Problem. From the line bearing "Example of the" down to the final line of the records below, give every line again exactly and add nothing.

BEGIN Provided data

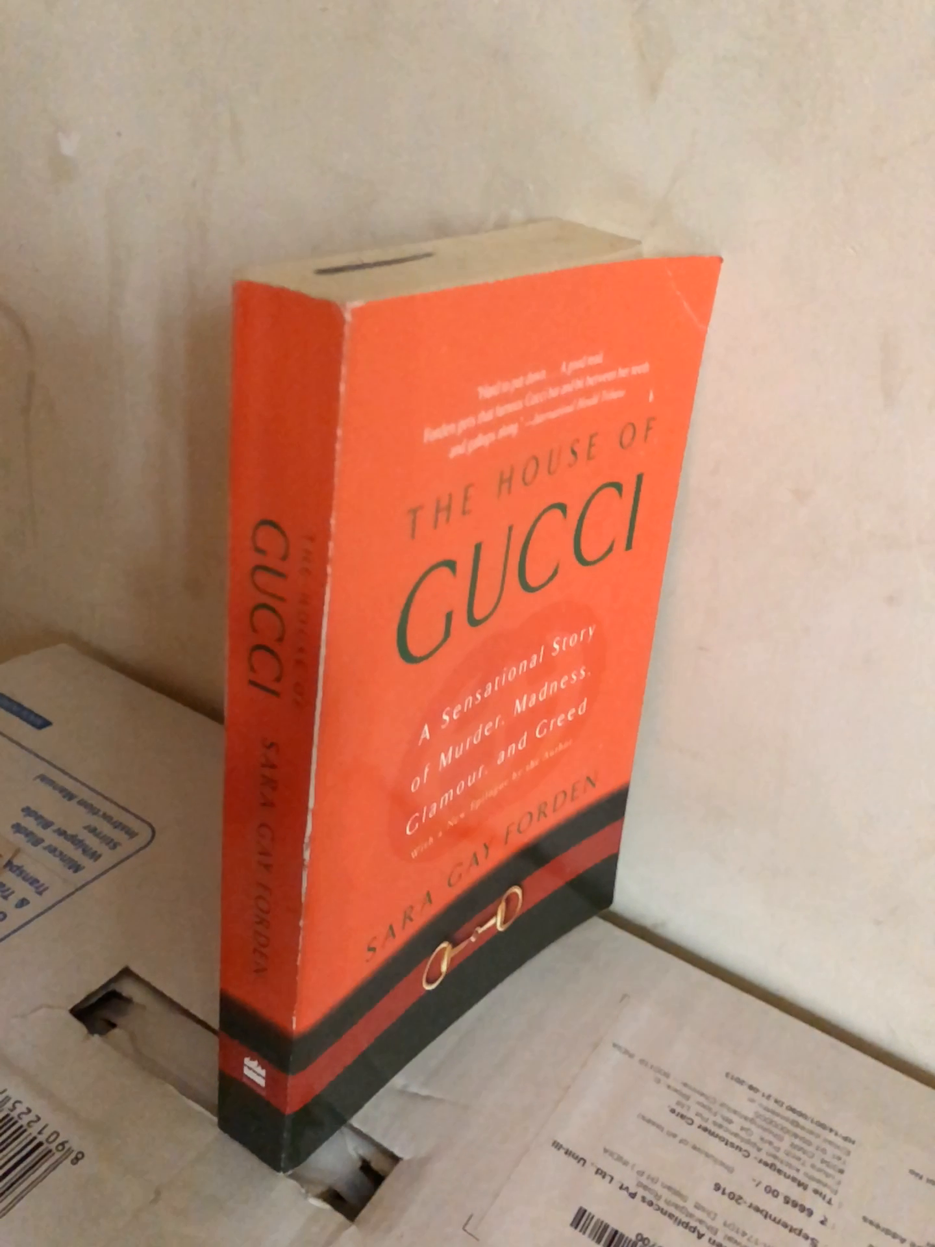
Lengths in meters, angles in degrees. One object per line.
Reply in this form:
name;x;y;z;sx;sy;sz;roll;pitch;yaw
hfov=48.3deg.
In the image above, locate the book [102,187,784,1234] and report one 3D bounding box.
book;0.002;0.012;0.282;0.040;0.229;0.191;25;34;28
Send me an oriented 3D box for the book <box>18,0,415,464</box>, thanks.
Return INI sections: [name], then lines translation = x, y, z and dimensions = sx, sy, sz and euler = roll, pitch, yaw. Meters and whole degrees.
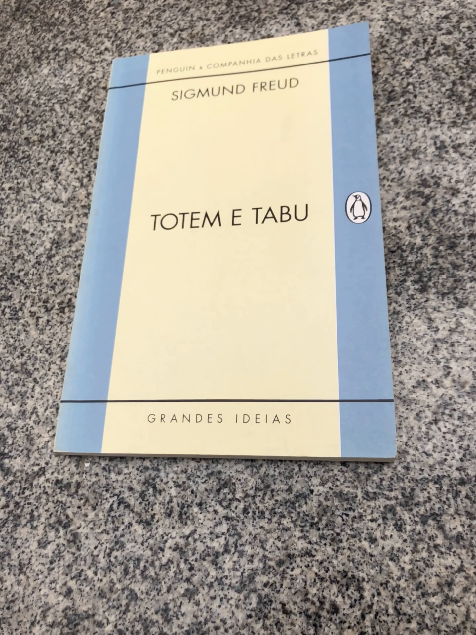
[book]
translation = -0.005, -0.044, 0.211
dimensions = 0.130, 0.015, 0.191
euler = -1, 69, 11
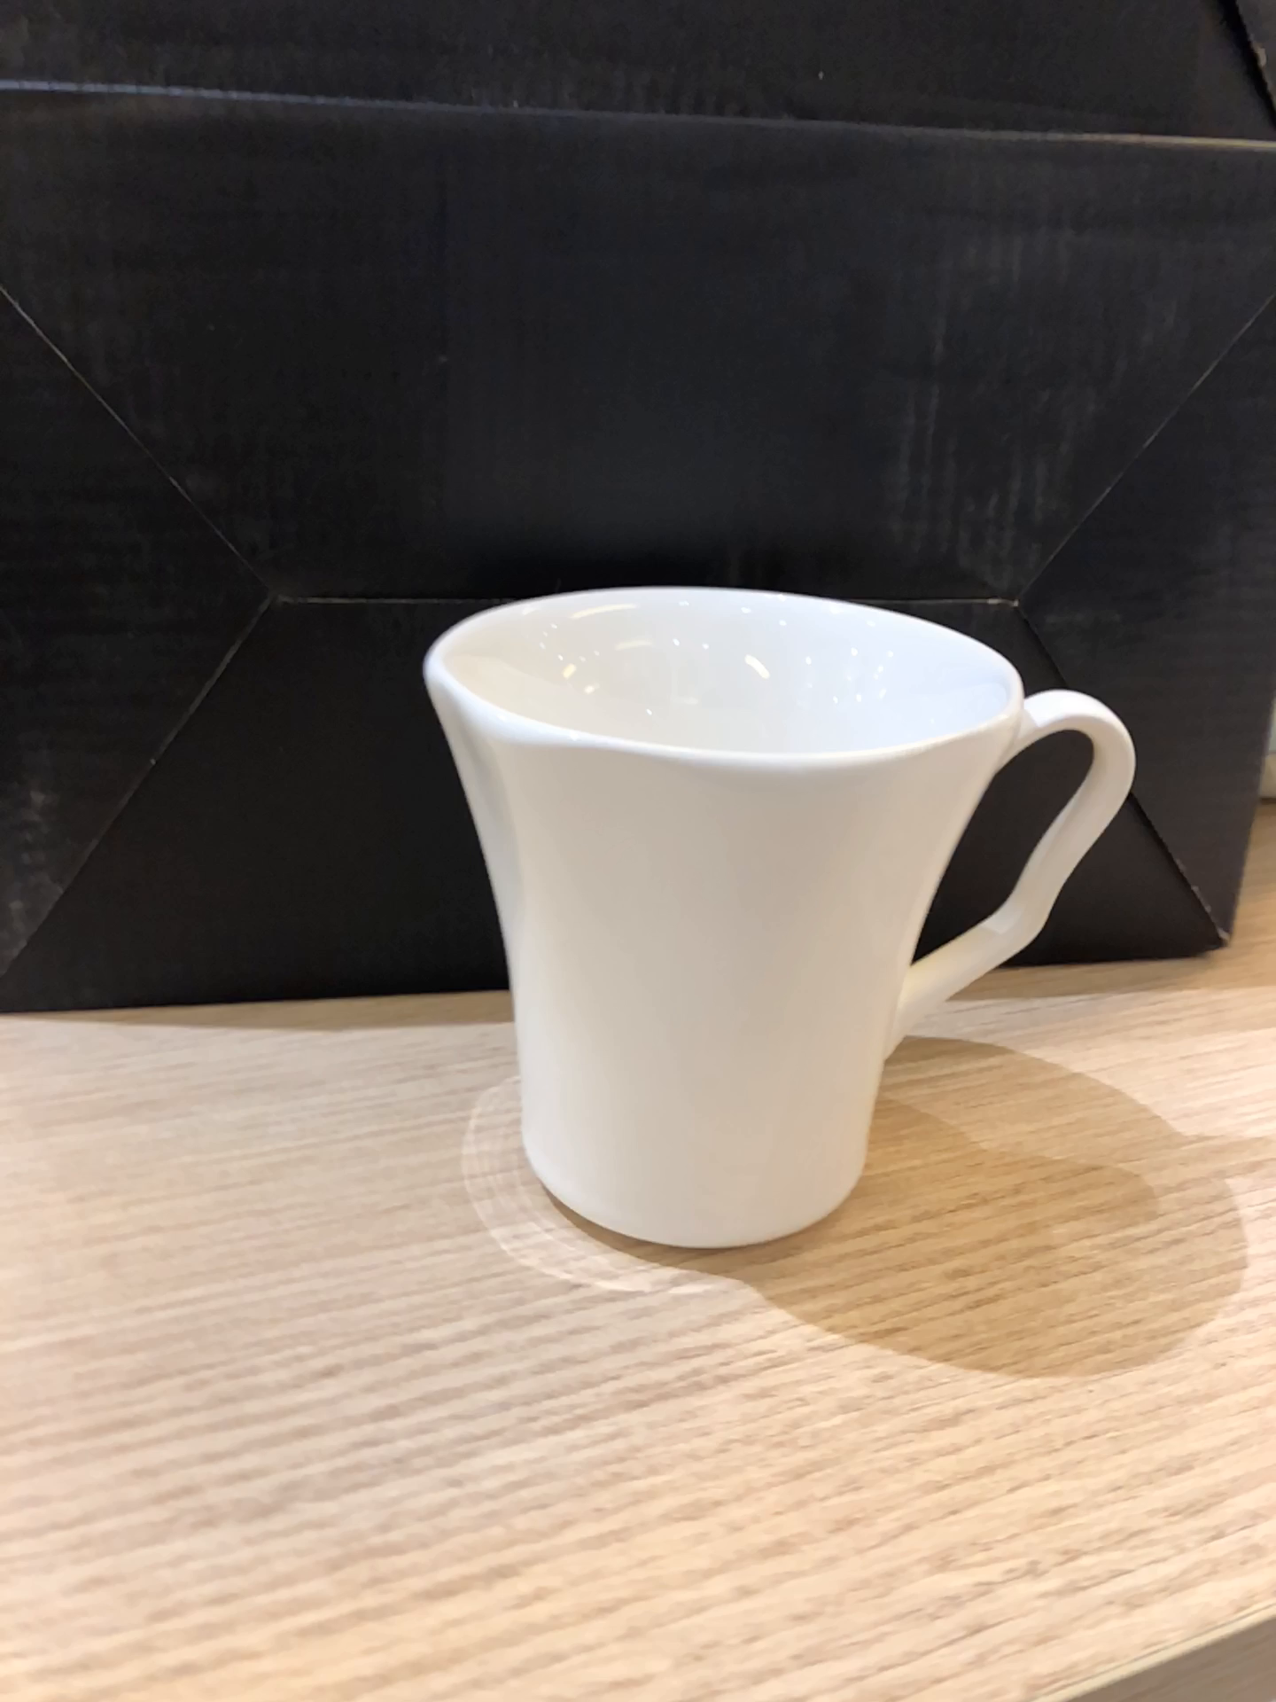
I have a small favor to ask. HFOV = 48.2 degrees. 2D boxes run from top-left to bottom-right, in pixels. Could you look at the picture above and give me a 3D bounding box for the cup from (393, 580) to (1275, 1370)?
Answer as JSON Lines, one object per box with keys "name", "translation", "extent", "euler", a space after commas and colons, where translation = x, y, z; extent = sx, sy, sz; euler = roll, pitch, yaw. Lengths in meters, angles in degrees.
{"name": "cup", "translation": [0.023, 0.009, 0.212], "extent": [0.110, 0.079, 0.080], "euler": [-3, 24, -13]}
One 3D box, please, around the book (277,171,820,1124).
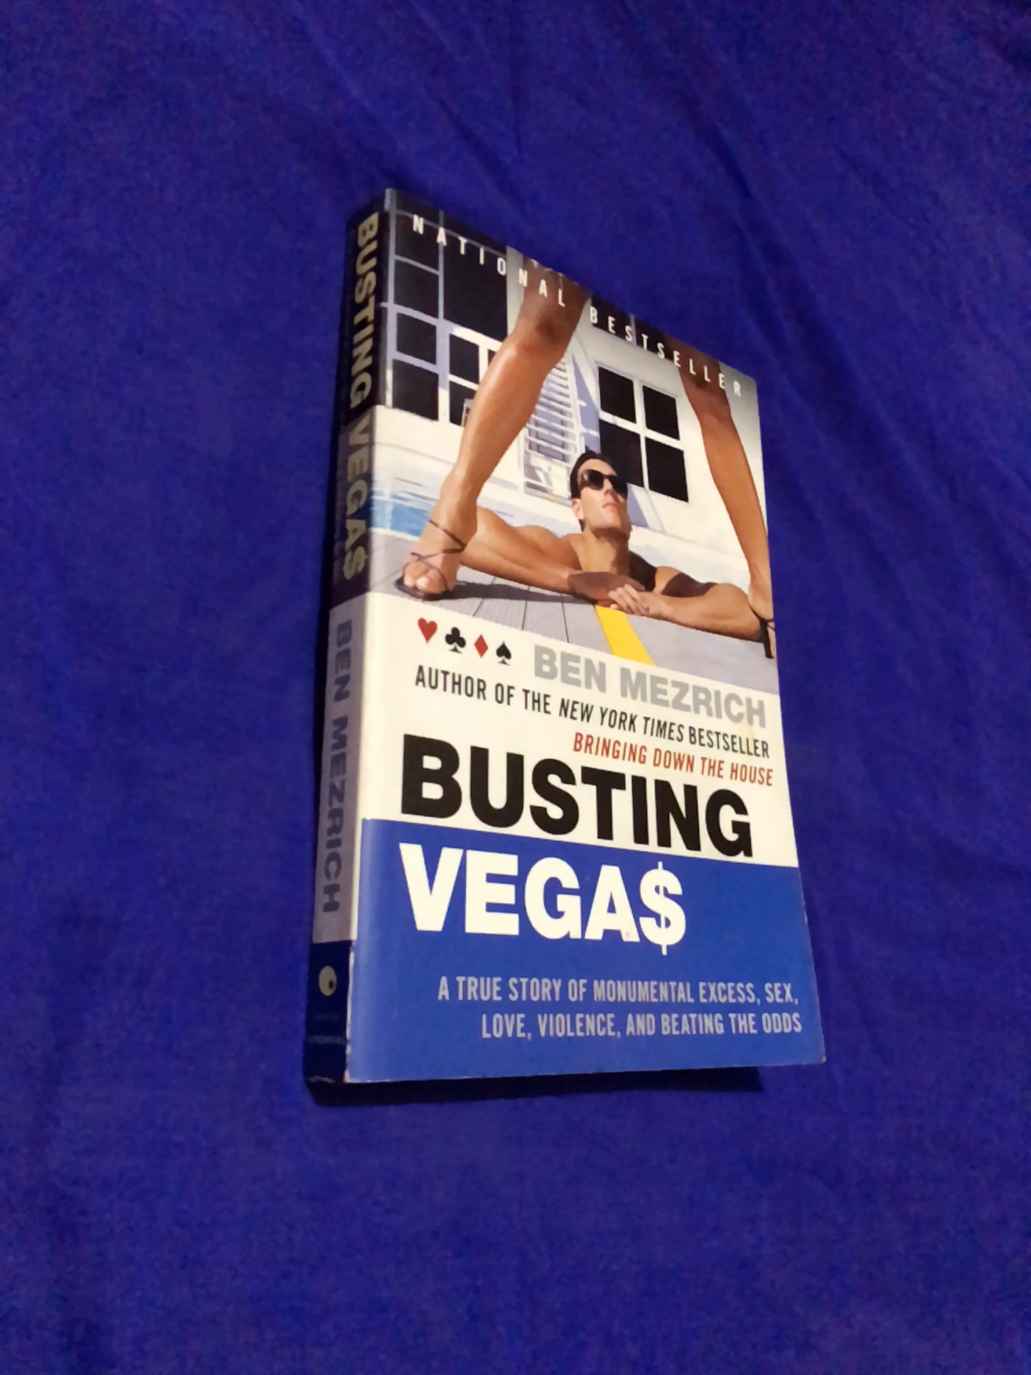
[{"bbox_3d":[0.012,-0.005,0.295,0.131,0.040,0.210,13,68,-38],"label":"book"}]
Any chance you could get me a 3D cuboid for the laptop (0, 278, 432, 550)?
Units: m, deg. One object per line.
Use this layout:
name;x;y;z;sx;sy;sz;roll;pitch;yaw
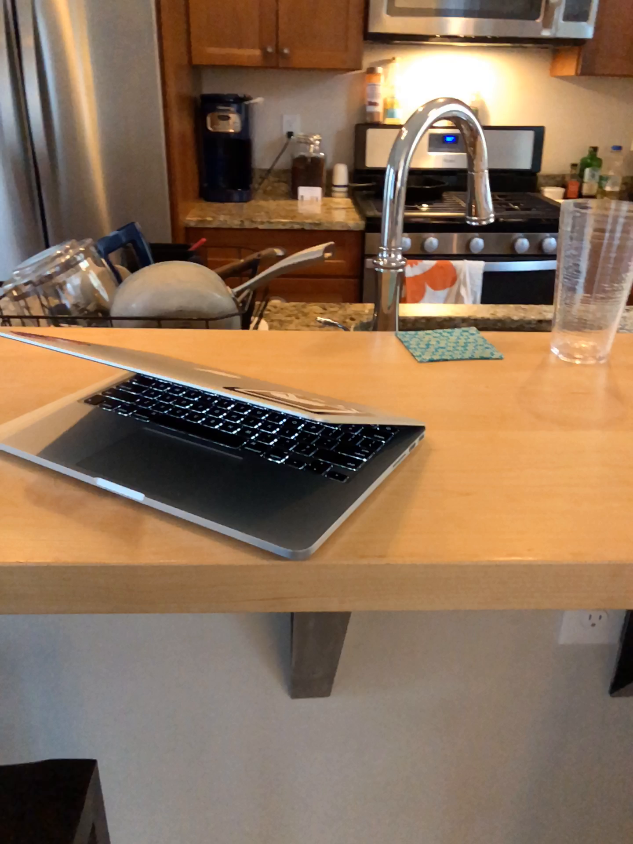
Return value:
laptop;-0.087;-0.032;0.575;0.300;0.084;0.211;15;30;26
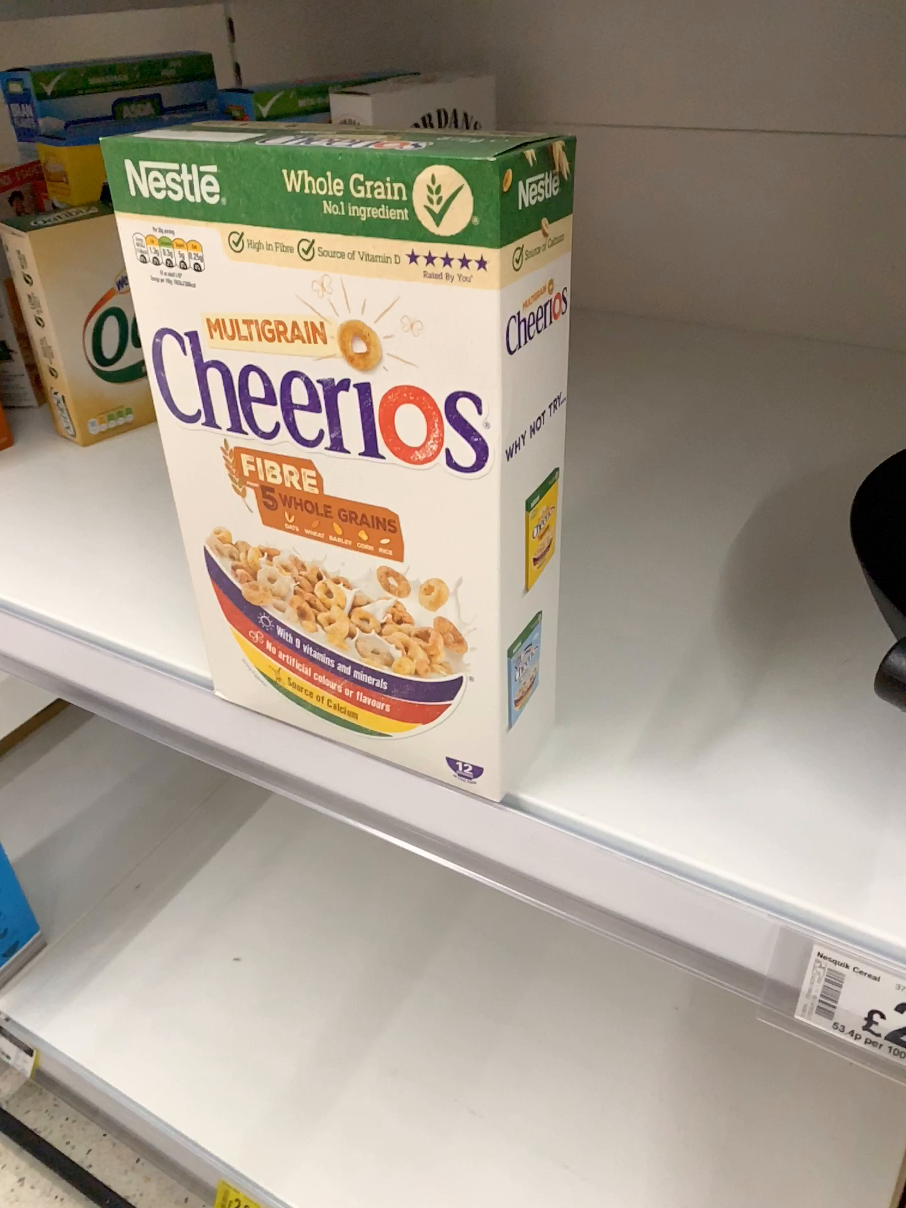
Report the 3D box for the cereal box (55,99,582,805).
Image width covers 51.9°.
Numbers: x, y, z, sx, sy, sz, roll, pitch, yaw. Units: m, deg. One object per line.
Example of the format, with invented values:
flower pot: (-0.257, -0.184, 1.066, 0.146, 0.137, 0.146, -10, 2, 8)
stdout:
cereal box: (-0.054, -0.069, 0.434, 0.200, 0.287, 0.071, 15, 35, 25)

END Provided data

Answer for this exercise.
Example of the format, with invented values:
flower pot: (-0.257, -0.184, 1.066, 0.146, 0.137, 0.146, -10, 2, 8)
stdout:
cereal box: (-0.054, -0.069, 0.434, 0.200, 0.287, 0.071, 15, 35, 25)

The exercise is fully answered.